[Stored data]
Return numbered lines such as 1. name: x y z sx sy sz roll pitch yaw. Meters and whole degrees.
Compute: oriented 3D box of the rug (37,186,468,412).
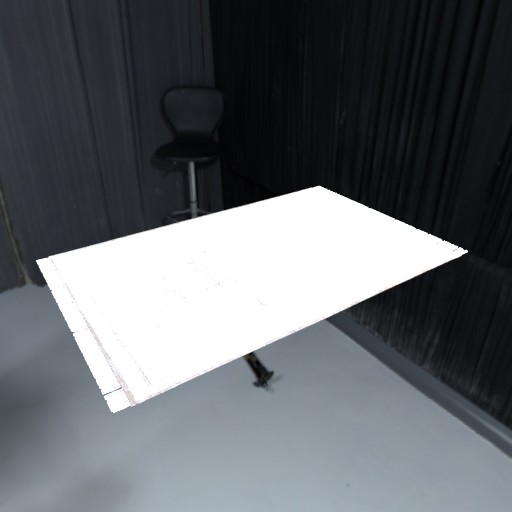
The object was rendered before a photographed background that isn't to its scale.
1. rug: 0.000 0.000 2.945 2.440 0.010 1.528 -18 34 -29
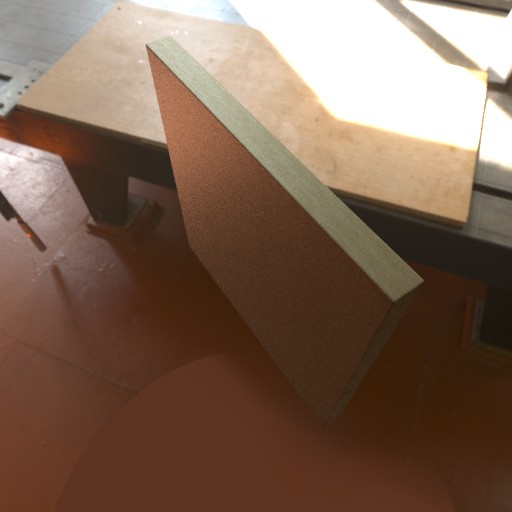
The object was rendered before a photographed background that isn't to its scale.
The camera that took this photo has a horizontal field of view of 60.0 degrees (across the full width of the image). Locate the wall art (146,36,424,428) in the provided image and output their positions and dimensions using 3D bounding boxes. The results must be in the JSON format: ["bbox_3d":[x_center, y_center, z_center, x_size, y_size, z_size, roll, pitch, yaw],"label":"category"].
[{"bbox_3d":[0.000,0.000,0.736,0.040,0.506,0.503,-30,61,-18],"label":"wall art"}]
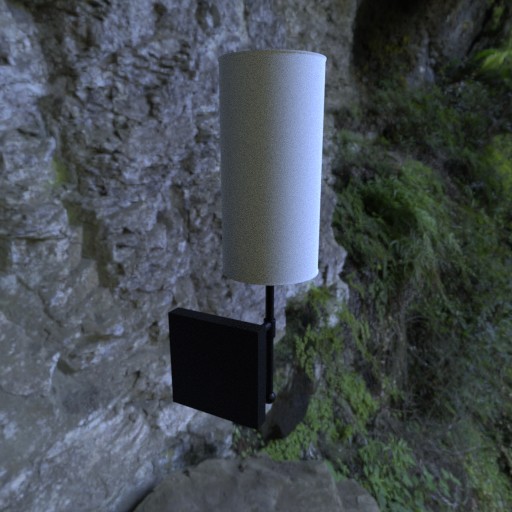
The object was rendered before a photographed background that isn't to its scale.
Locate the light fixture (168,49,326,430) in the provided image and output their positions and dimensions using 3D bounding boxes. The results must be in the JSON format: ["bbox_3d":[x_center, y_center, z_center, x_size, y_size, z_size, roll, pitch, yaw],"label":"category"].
[{"bbox_3d":[0.000,0.000,0.550,0.128,0.462,0.208,8,17,27],"label":"light fixture"}]
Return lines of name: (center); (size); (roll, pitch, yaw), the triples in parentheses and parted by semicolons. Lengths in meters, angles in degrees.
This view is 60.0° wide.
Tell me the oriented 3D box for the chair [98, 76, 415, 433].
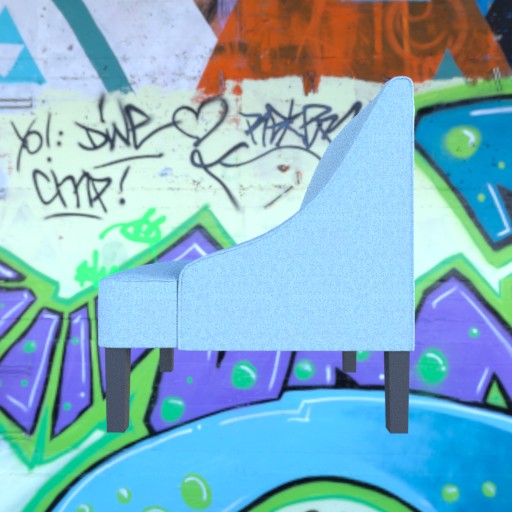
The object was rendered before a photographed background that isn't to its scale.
chair: (0.000, 0.000, 1.818); (1.025, 1.133, 0.857); (0, 0, 0)
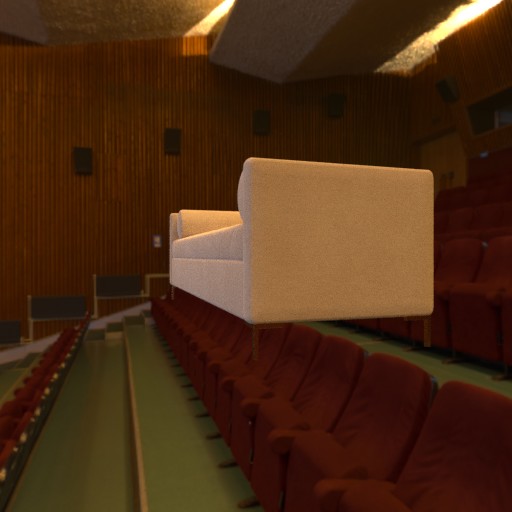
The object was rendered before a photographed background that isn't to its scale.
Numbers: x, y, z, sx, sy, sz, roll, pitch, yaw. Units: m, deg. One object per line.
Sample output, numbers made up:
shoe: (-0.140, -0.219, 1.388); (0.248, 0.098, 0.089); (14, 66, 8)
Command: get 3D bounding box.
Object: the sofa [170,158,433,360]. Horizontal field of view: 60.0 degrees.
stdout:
sofa: (0.000, 0.000, 2.392); (0.686, 0.635, 1.981); (0, 0, -18)
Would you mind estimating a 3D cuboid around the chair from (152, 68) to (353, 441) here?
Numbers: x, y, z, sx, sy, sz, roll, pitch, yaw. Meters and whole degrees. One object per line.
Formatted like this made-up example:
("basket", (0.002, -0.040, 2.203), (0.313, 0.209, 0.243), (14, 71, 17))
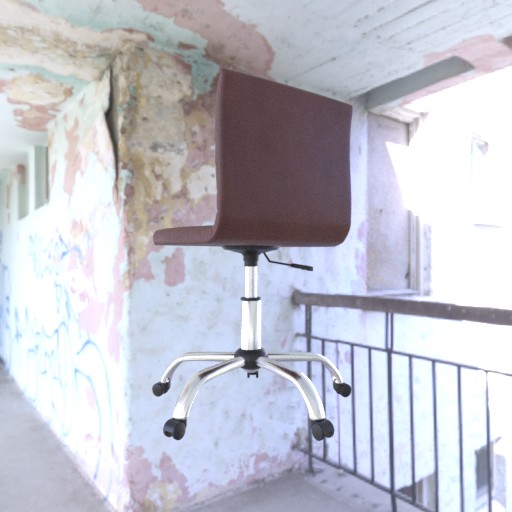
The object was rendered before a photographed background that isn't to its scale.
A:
("chair", (0.000, 0.000, 1.146), (0.556, 0.780, 0.530), (0, -1, -35))
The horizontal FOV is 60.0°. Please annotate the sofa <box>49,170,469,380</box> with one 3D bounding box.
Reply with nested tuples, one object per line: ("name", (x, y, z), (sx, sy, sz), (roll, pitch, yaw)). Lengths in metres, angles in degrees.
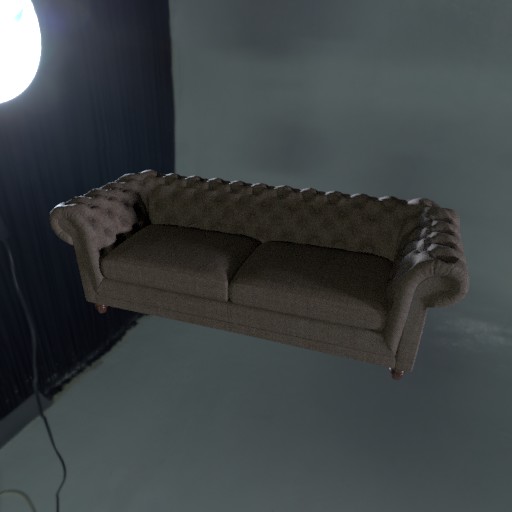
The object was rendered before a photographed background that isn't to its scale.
("sofa", (0.000, 0.000, 2.858), (2.385, 0.787, 0.944), (9, 28, 18))
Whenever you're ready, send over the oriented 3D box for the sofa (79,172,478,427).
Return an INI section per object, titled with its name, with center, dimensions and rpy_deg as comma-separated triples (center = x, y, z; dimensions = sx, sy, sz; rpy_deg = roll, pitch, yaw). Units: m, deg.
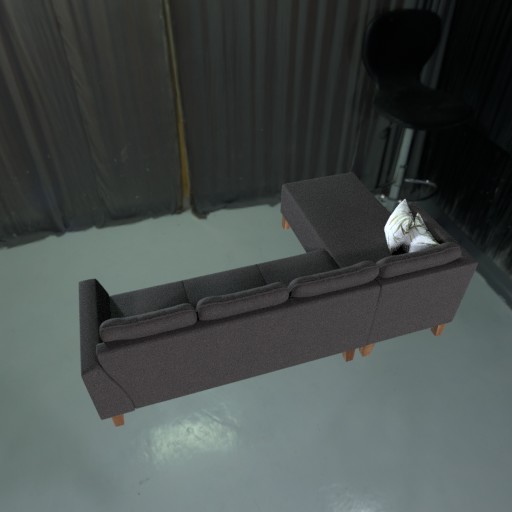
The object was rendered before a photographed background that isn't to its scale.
[sofa]
center = 0.000, 0.000, 3.609
dimensions = 2.679, 0.932, 1.829
rpy_deg = -12, 43, -13
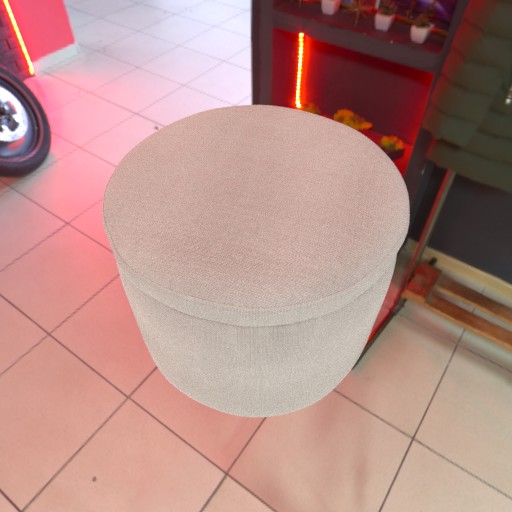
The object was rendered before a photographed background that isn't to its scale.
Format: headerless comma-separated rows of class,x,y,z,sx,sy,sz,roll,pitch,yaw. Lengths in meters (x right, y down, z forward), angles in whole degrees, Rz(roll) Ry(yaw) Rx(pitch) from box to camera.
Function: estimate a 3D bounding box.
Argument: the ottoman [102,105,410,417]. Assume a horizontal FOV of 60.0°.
ottoman,0.000,0.000,0.853,0.497,0.409,0.497,0,48,0
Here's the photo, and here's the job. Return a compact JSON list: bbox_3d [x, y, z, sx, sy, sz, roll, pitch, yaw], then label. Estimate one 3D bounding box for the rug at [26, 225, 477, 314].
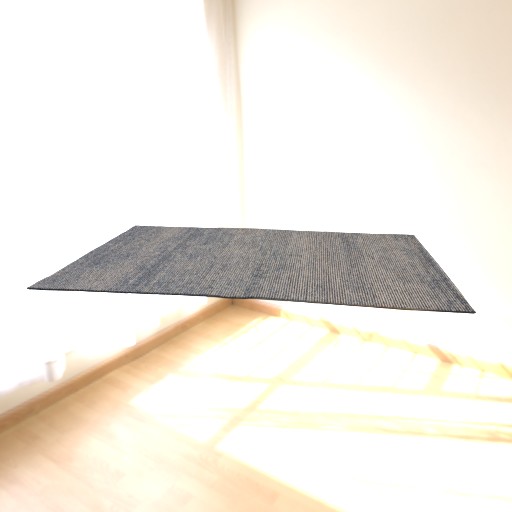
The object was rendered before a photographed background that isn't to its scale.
[{"bbox_3d":[0.000,0.000,2.275,1.793,0.025,1.159,2,17,8],"label":"rug"}]

TASK DESCRIPTION:
The copy should start at the line that contains "Argument: the ottoman", end at the last line of the entries above, and match each line exactly, with pictures dropped.

WRITTEN SOLUTION:
Argument: the ottoman [102,105,410,417]. Assume a horizontal FOV of 60.0°.
ottoman,0.000,0.000,0.853,0.497,0.409,0.497,0,48,0
Here's the photo, and here's the job. Return a compact JSON list: bbox_3d [x, y, z, sx, sy, sz, roll, pitch, yaw], then label. Estimate one 3D bounding box for the rug at [26, 225, 477, 314].
The object was rendered before a photographed background that isn't to its scale.
[{"bbox_3d":[0.000,0.000,2.275,1.793,0.025,1.159,2,17,8],"label":"rug"}]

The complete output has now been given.